Om Swastiastu
Om Awighnamastu Namo Siddham
O Hrang HringSah Parama Siwaditya ya Namah
“Benarkah itu biyung ?” tanya Anak Agung Raka Sidan setelah sembahyang di Sanggah pagi yang hangat dan cerah itu. Namun kehangatan mentari seakan lenyap seketika. Ekspresi wajahnya mendadak berubah. Matanya melotot. Seakan – akan ia tak percaya atas apa yang baru saja didengarnya.
“Benar bli, bulan depan kita harus pergi meninggalkan rumah ini.
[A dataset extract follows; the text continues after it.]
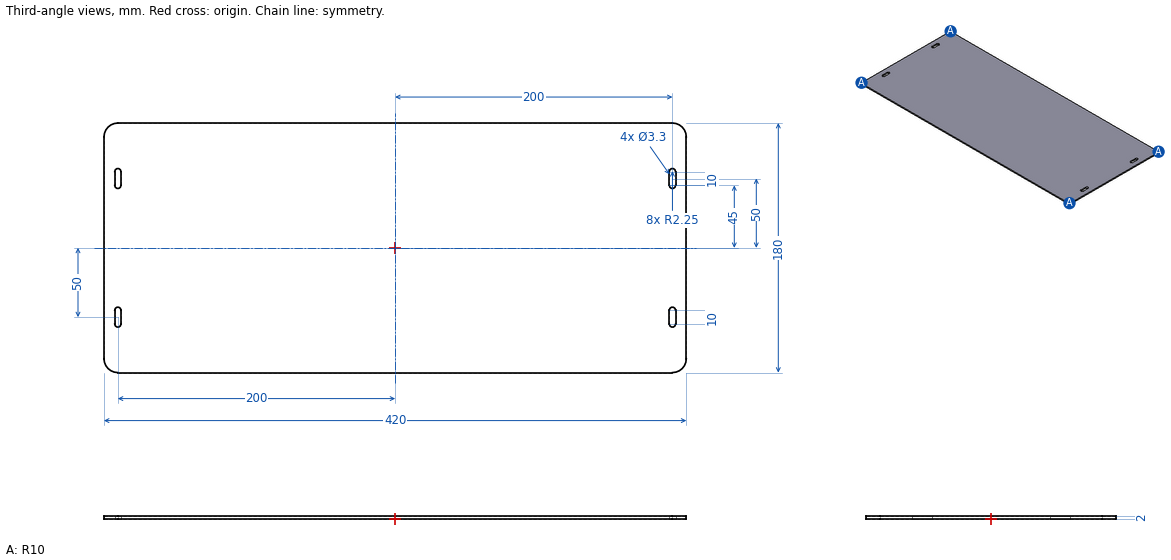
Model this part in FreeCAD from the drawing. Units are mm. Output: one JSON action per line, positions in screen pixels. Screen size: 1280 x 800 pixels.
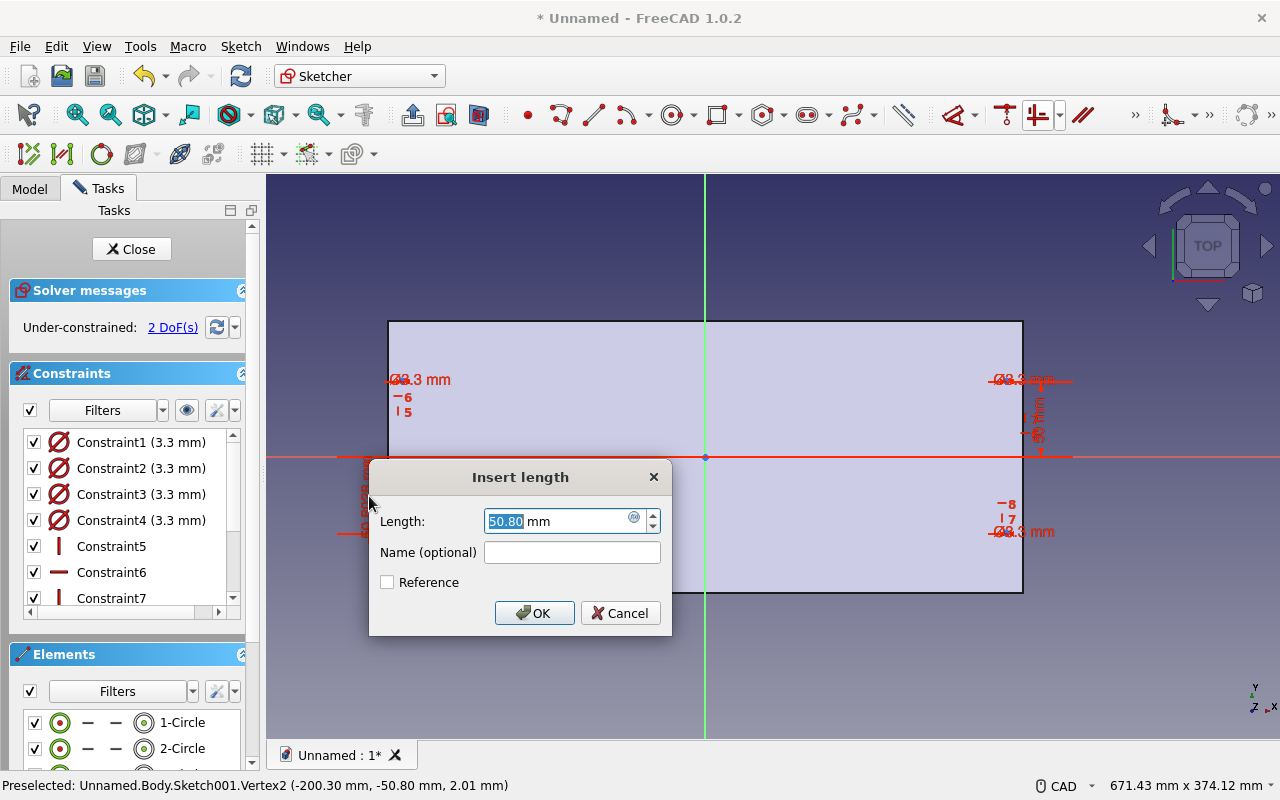
{"action": "type", "text": "50"}
{"action": "key", "text": "Return"}

Tepatnya setelah upacara Odalan Pura Dalem.
“Tapi, mengapa iwa setega itu biyung ? Belum genap sebulan aji meninggal. Jenazah aji belum juga diaben. Baru saja tiga minggu lalu aji disemayamkan di Pura Dalem. Jasadnya pun masih utuh. Tapi mengapa iwa mengusir kita secepat itu ? mengapa iwa tidak menghormati kita yang sedang berkabung biyung ?”
“Sudahlah bli, kita sudah tidak punya hak atas rumah ini lagi “ jawab Ni Kadek Suasti sambil membelai rambut anak lelakinya untuk meredam emosinya yang kian memuncak.
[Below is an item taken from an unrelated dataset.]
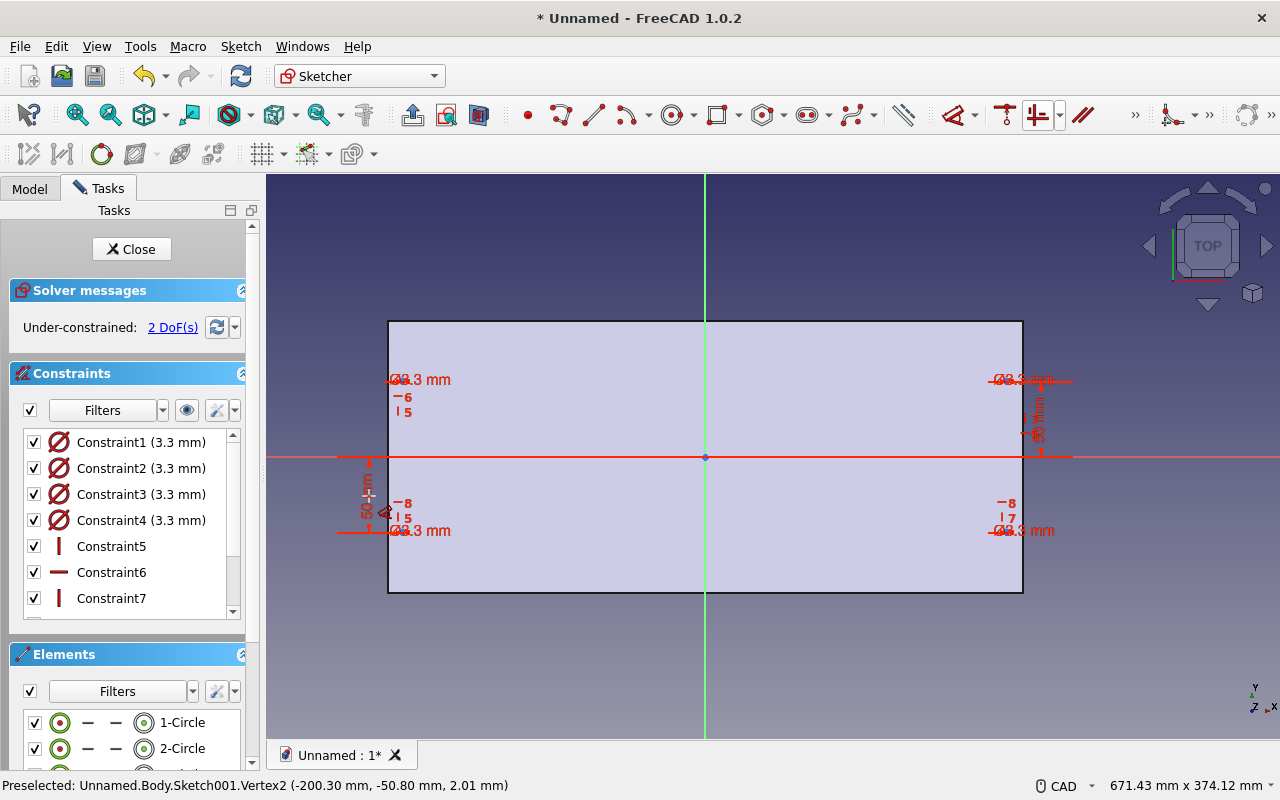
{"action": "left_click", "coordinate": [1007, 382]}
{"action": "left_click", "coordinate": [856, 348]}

Mata Anak Agung Raka Sidan membelalak lebar. Seperti ada bara api yang besar membara di kedua bola matanya.
Air mata ibunya meleleh dikedua pipinya yang mulai keriput. Teringat ucapan I Wayan Durma seminggu yang lalu…
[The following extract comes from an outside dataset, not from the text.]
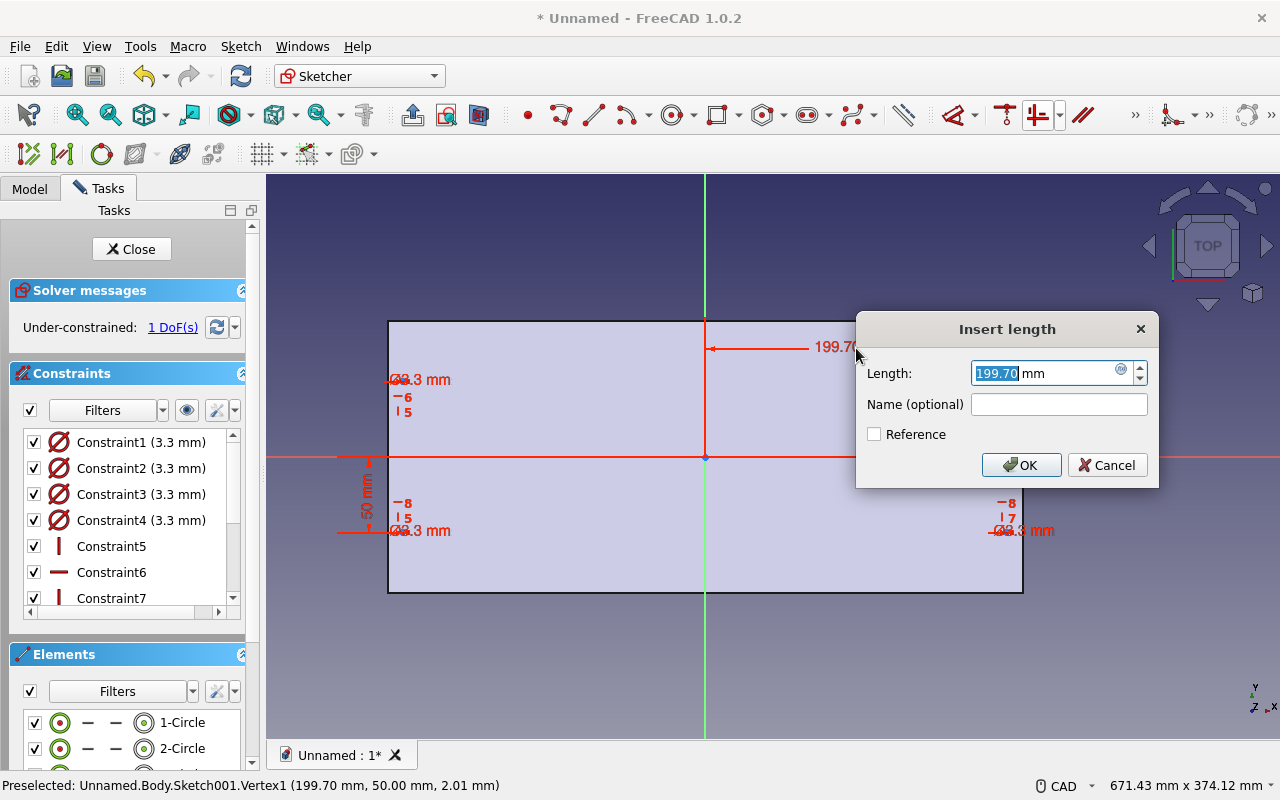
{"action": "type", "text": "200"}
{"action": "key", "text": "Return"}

“Sebaiknya kau segera membereskan barang – barangmu. Segeralah kau dan anakmu angkat kaki dari rumah orangtuaku ini. Karena mulai sekarang rumah ini sudah menjadi hak milikku” ucap I Wayan Durma kepada Ni Kadek Suasti pagi itu. Saat Anak Agung Raka Sidan tidak berada dirumah karena bekerja. Ia sengaja datang pagi – pagi agar tidak bertemu dengan anak lelaki kakaknya itu. Karena ia paham betul sifat Anak Agung Raka Sidan jika sedang marah. Seperti Rangda yang sedang murka.